Vitamin B shortage kills wildlife
■ Experts see widespread shortage of thiamine in environment
Stockholm, Jan. 19: Researchers are puzzled by widespread shortage of vitamin B they believe is killing wildlife.
Thiamine (vitamin B1) is required for critical metabolic processes, such as energy production and functioning of the nervous system. This micronutrient is produced mainly by plants. People and animals must acquire it through their food.
Lennart Balk, an environmental biochemist at Stockholm University, saw that many birds couldn’t fly when he visited Swedish coastal colonies during a five-year period from 2004. Others were paralysed. Birds weren’t eating and had difficulty breathing. Thousands of birds were suffering and dying from this paralytic
disease, said Balk.
Scenes such as the one in Sweden, were seen again and again in recent years in a variety of species in Europe and North America. This had Balk and other researchers worried that something in the environment is causing
widespread thiamine shortages, which could explain these specific episodes.
Researchers generally agree that the crises in seabirds, fish, and other marine species have thiamine deficiencies in common. But much remains unknown. Is a thiamine shortage the root cause of the problem in every case? What might be driving such a widespread environmental vitamin deficiency? As instances of sick and dying wildlife continue to arise, though, a sense of urgency is building among researchers trying to figure out what’s going on.
In the late 1990s, Balk saw that several fish species in the Baltic Sea, including Atlantic salmon (Salmo salar), had trouble reproducing. Many of the larvae couldn’t swim straight and were lethargic before dying. When he supplemented the larvae with thiamine, almost all survived. In contrast, almost all of the larvae not treated with thiamine supplements died.
In the 1880s, Christiaan Eijkman, a doctor working in the Dutch East Indies, observed paralysis in chickens. They were experiencing weakness in their legs.

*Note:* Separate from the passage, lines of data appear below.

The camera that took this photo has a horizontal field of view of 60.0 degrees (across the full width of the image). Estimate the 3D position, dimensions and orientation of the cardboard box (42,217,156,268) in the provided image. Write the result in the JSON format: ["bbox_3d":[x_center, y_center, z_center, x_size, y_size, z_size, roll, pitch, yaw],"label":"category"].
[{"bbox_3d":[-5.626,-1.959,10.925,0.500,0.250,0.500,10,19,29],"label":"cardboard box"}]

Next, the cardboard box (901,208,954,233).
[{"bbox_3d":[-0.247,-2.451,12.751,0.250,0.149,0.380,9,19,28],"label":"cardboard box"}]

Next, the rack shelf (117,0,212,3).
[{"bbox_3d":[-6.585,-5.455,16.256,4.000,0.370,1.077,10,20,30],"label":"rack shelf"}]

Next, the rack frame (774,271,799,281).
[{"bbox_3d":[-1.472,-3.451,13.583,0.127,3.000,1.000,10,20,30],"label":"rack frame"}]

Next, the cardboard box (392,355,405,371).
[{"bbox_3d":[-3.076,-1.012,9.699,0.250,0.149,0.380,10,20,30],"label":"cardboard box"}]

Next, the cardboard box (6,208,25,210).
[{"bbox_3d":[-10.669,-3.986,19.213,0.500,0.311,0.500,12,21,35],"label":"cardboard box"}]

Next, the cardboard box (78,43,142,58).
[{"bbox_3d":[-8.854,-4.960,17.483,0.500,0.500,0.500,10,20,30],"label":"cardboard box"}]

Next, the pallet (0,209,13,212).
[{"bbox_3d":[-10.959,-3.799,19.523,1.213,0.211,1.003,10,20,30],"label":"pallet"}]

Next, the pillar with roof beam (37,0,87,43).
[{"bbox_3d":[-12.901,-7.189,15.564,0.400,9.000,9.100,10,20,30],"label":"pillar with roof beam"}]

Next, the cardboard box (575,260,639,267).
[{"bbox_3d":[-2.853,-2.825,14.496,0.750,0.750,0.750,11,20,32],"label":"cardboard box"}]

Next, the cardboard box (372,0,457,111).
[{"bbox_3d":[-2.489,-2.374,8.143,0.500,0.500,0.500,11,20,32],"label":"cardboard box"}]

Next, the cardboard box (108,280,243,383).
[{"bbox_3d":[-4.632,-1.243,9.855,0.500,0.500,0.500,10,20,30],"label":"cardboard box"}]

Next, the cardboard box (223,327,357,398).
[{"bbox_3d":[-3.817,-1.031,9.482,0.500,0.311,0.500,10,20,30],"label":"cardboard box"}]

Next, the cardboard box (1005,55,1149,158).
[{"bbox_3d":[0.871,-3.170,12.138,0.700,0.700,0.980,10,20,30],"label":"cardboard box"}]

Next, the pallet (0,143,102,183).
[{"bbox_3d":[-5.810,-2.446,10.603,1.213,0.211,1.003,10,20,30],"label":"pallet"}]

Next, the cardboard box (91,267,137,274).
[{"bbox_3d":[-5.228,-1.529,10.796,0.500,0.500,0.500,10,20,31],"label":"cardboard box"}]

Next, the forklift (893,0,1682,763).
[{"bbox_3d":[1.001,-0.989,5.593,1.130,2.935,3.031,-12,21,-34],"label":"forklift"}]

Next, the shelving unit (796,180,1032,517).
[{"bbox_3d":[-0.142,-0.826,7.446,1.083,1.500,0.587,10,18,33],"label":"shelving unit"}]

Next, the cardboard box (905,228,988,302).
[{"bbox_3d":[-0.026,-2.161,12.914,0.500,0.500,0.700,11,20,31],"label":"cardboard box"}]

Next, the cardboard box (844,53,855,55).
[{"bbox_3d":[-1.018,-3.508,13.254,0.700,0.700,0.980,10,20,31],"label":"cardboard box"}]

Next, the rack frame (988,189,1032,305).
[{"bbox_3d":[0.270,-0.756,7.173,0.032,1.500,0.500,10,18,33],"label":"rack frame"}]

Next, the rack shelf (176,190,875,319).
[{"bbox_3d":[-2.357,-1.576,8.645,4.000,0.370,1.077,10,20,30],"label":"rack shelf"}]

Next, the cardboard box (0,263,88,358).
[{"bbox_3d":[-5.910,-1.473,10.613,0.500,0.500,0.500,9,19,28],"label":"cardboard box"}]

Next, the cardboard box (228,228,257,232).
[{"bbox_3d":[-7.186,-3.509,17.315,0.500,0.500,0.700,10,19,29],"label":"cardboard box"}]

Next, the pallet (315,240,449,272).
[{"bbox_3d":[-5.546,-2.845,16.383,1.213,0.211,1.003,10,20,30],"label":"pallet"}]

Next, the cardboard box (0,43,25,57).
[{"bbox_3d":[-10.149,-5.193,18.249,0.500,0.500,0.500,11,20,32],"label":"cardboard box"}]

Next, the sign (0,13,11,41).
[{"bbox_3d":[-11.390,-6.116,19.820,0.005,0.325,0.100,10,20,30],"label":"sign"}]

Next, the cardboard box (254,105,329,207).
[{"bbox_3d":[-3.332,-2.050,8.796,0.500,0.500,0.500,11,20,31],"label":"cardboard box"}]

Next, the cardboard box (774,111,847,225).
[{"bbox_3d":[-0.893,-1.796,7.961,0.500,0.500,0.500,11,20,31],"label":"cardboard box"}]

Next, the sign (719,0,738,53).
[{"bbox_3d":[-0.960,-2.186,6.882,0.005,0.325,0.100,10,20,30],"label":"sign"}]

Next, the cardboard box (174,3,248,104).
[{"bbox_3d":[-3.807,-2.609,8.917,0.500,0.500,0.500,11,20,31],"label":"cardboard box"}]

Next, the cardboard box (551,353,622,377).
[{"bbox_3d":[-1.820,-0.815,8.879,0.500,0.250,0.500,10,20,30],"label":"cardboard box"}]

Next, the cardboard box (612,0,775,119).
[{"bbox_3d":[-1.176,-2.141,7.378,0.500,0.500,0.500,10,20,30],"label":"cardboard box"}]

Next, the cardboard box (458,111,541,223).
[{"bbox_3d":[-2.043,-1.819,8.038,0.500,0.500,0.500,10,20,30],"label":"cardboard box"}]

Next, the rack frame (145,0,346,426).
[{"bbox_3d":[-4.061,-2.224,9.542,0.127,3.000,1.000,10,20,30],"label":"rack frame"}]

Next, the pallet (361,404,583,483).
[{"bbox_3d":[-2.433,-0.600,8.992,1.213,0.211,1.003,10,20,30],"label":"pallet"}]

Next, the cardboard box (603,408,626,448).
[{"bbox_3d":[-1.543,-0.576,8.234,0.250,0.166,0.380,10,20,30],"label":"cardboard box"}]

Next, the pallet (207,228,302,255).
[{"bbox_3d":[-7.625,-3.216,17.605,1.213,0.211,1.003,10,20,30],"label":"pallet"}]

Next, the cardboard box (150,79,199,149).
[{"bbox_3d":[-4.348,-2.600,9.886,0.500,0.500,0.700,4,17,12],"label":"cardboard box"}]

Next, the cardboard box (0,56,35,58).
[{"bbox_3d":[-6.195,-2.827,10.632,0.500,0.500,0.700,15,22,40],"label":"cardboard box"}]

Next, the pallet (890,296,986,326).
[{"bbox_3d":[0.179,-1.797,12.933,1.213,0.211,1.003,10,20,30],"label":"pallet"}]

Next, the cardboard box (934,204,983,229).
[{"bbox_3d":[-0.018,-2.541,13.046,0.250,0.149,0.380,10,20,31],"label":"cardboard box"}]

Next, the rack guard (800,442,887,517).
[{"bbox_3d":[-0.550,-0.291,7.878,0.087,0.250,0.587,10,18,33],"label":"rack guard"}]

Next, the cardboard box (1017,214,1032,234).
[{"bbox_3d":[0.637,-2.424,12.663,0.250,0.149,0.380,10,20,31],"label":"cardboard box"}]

Eijkman linked the paralysis to the chickens’ diet of predominately cooked white rice, which he believed must be toxic; but his colleague, Gerrit Grijns, later came to suspect the rice was stripped of some vital substance in the milling processes. In some parts of Asia where people’s diets also relied largely on white rice, beriberi affected nearly 30% of the population. Eijkman shared a Nobel Prize in 1929 for his observations that aided the discovery of thiamine—the first vitamin to be identified.